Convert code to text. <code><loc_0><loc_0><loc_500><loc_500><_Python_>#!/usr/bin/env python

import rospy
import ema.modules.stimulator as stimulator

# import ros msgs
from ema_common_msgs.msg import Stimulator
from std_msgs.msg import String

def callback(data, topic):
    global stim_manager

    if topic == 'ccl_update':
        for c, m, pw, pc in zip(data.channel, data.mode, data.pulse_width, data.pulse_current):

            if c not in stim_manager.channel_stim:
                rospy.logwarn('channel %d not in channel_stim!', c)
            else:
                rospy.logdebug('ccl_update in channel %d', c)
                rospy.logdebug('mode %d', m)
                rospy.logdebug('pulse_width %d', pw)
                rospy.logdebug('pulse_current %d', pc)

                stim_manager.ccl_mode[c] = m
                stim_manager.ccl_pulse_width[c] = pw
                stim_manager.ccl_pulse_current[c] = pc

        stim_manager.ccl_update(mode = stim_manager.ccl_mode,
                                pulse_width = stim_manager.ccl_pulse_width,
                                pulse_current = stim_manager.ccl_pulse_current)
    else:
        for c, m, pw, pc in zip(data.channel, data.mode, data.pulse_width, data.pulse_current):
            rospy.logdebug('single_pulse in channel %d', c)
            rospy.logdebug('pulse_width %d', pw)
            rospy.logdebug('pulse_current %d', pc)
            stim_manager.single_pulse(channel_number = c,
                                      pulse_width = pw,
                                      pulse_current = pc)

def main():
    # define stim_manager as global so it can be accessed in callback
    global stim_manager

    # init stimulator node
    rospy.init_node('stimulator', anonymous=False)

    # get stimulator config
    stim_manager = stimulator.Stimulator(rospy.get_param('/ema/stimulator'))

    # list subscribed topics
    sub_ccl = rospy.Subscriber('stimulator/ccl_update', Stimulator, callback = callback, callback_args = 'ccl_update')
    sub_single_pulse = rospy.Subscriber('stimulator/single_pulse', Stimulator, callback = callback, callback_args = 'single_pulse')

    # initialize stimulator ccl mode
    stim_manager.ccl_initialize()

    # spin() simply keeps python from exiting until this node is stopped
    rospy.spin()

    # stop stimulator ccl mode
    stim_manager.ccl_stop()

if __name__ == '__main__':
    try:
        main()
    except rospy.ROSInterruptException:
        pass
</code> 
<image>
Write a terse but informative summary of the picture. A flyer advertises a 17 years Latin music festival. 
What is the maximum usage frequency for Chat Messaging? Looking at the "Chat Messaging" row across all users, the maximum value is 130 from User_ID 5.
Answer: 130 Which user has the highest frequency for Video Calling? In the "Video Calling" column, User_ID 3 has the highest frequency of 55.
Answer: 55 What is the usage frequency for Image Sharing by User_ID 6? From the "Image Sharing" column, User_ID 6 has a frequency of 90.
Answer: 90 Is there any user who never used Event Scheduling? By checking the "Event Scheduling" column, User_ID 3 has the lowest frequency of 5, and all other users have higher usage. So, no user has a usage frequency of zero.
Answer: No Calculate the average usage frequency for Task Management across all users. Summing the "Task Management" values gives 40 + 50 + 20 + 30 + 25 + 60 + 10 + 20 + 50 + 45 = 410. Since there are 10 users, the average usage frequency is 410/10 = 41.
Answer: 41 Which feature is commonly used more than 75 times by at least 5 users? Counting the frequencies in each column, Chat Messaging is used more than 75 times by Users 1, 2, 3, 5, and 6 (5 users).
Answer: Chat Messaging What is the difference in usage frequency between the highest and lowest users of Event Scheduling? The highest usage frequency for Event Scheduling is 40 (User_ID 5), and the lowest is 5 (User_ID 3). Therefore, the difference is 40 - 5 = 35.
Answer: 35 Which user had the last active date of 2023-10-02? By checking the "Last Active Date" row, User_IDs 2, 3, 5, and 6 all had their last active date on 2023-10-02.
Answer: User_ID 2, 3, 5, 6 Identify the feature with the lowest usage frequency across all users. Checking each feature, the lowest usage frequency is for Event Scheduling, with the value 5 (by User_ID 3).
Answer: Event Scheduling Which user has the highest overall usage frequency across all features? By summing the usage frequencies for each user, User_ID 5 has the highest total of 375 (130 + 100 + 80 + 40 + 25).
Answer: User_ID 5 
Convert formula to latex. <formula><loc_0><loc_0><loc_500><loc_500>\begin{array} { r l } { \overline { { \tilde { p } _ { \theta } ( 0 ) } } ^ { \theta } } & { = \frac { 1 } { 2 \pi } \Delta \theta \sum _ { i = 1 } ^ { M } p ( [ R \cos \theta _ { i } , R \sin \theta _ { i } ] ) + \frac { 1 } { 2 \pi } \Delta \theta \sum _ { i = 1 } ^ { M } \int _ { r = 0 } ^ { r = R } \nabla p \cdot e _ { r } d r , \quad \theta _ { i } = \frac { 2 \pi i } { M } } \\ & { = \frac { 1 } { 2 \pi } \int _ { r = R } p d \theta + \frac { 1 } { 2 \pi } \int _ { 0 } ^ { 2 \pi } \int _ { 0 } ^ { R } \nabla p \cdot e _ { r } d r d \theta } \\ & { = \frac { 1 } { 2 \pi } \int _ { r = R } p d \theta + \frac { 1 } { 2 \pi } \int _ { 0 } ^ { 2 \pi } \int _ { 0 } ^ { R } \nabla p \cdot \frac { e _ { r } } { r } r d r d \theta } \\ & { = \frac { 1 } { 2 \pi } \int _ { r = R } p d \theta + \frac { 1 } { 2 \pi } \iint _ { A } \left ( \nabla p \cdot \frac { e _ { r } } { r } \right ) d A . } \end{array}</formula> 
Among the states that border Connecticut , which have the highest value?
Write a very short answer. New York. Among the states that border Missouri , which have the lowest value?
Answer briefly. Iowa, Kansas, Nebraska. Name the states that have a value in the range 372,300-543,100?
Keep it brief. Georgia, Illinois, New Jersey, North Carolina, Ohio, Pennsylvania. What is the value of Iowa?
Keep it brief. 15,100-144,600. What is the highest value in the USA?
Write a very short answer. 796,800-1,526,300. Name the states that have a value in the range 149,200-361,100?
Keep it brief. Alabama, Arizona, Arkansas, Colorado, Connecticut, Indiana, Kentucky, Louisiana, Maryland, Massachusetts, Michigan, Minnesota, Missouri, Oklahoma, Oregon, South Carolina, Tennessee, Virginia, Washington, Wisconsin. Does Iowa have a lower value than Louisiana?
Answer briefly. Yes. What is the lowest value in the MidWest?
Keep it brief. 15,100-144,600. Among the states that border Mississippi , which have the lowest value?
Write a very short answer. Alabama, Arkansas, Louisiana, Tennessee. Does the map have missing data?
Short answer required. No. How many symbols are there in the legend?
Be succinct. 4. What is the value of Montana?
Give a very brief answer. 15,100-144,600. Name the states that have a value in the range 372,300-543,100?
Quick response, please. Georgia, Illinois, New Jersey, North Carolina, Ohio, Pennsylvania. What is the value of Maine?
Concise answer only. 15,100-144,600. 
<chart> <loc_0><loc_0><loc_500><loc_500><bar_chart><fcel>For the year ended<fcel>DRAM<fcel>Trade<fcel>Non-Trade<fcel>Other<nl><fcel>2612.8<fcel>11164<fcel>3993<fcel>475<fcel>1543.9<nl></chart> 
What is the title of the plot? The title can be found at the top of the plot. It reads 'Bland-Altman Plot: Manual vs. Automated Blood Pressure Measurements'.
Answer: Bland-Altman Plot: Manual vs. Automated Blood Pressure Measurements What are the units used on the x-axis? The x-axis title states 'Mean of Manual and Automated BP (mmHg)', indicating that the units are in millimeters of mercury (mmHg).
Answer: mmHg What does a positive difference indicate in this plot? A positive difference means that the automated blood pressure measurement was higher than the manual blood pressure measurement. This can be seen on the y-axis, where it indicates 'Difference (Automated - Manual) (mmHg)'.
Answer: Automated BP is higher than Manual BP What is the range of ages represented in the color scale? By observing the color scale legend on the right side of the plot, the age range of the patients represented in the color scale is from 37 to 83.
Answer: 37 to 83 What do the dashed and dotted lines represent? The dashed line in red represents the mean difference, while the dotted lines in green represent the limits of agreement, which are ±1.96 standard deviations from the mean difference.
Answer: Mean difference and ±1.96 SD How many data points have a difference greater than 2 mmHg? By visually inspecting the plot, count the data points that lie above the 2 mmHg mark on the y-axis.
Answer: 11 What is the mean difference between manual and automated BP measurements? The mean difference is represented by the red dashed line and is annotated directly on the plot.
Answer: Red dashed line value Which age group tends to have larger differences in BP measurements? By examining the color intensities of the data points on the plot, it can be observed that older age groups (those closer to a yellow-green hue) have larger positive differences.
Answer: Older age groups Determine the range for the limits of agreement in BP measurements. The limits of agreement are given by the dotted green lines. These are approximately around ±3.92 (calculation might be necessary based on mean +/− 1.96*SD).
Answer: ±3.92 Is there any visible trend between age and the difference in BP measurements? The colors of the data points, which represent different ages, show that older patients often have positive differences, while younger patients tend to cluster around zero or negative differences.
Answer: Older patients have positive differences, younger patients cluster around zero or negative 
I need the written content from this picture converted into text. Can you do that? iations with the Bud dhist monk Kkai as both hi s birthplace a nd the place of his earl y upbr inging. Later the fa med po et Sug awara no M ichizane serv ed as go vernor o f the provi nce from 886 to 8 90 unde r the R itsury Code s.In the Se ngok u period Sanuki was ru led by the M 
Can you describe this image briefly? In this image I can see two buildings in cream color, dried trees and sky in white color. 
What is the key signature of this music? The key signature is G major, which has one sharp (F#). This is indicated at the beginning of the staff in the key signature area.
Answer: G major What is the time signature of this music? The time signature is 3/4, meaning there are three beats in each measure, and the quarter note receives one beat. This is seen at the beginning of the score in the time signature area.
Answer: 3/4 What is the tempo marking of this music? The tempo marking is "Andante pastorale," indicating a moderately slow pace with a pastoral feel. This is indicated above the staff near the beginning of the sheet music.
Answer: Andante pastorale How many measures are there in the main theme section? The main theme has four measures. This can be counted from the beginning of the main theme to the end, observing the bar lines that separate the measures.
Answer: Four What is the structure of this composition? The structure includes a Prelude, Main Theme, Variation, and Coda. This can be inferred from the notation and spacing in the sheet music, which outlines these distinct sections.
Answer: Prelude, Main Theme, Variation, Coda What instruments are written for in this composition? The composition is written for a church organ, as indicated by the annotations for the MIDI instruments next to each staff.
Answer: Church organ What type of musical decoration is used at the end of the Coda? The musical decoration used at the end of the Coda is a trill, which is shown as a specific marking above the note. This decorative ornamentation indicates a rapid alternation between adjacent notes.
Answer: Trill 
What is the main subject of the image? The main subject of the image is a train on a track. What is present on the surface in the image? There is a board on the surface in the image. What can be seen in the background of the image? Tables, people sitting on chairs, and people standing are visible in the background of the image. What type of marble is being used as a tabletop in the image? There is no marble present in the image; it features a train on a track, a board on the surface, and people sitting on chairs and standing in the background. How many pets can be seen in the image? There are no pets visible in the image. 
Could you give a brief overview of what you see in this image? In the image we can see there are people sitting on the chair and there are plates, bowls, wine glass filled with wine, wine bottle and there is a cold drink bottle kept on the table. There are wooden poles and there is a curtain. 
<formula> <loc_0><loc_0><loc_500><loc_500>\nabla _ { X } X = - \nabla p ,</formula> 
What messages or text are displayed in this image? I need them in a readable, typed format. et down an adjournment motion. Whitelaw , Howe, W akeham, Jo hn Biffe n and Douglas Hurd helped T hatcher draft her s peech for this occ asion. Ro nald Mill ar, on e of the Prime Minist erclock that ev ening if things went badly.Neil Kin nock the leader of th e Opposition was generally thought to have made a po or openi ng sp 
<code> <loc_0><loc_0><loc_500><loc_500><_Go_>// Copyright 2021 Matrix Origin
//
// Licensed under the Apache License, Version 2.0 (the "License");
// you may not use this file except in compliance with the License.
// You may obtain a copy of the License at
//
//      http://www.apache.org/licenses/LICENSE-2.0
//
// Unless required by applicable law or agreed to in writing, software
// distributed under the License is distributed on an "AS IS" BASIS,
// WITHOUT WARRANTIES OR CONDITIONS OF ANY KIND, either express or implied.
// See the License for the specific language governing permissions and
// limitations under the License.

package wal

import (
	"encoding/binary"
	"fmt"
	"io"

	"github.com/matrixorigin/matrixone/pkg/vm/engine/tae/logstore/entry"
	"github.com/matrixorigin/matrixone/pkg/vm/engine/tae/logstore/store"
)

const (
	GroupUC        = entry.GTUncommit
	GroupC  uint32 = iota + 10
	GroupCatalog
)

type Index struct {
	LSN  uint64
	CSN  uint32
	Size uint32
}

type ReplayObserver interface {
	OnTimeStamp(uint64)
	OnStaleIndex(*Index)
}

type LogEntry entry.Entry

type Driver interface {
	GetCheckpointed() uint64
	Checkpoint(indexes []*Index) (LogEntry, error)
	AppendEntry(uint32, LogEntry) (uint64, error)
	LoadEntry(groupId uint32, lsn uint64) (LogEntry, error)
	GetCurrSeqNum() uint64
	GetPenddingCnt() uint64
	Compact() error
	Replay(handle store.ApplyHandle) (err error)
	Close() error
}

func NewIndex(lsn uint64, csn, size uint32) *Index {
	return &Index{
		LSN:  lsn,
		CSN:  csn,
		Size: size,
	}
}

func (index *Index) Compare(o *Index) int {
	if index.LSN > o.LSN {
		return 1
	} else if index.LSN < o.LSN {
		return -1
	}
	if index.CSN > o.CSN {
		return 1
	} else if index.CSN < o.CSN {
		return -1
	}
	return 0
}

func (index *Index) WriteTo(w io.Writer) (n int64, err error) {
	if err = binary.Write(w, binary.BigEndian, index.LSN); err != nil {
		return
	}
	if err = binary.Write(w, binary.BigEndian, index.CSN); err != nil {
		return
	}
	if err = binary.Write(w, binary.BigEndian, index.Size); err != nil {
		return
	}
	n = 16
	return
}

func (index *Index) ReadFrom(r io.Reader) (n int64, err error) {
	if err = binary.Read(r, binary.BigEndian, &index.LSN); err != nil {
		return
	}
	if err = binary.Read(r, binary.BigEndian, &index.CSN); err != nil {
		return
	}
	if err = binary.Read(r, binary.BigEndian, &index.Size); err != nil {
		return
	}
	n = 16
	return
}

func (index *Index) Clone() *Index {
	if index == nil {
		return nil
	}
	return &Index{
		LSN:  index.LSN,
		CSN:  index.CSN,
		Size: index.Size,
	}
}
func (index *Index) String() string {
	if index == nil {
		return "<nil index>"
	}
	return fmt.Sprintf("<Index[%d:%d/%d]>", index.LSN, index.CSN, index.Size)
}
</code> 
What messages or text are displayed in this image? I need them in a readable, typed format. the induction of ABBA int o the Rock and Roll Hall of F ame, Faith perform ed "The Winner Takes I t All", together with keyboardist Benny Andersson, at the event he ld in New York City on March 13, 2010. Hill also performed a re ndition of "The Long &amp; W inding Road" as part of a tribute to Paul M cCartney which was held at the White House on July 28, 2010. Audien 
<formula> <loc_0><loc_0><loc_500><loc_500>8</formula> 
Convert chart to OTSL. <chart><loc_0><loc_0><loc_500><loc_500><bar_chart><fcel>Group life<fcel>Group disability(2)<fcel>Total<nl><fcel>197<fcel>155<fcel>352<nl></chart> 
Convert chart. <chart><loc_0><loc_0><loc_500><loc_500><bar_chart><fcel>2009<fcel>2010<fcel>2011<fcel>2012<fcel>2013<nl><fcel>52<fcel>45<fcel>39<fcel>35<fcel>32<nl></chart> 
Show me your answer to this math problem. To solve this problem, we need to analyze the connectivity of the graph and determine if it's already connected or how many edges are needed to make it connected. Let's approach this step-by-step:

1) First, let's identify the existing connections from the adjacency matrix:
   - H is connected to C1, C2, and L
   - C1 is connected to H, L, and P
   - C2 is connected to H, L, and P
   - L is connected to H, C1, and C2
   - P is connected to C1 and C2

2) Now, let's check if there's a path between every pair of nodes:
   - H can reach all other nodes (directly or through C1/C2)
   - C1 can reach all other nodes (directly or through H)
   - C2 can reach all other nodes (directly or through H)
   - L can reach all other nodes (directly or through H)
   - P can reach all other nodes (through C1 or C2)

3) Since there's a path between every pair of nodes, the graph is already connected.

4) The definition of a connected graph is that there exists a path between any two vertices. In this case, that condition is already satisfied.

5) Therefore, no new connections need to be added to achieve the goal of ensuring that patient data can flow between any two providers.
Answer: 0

+++++

● **Work request**
In the listing above, find the line containing "Keep it brief. Georgia, Illinois, New" and the line containing "Write a very short answer. 796,800-1,526,300.", then quote both, plus every line between them, exactly as written.

● **Task solution**
Keep it brief. Georgia, Illinois, New Jersey, North Carolina, Ohio, Pennsylvania. What is the value of Iowa?
Keep it brief. 15,100-144,600. What is the highest value in the USA?
Write a very short answer. 796,800-1,526,300. Name the states that have a value in the range 149,200-361,100?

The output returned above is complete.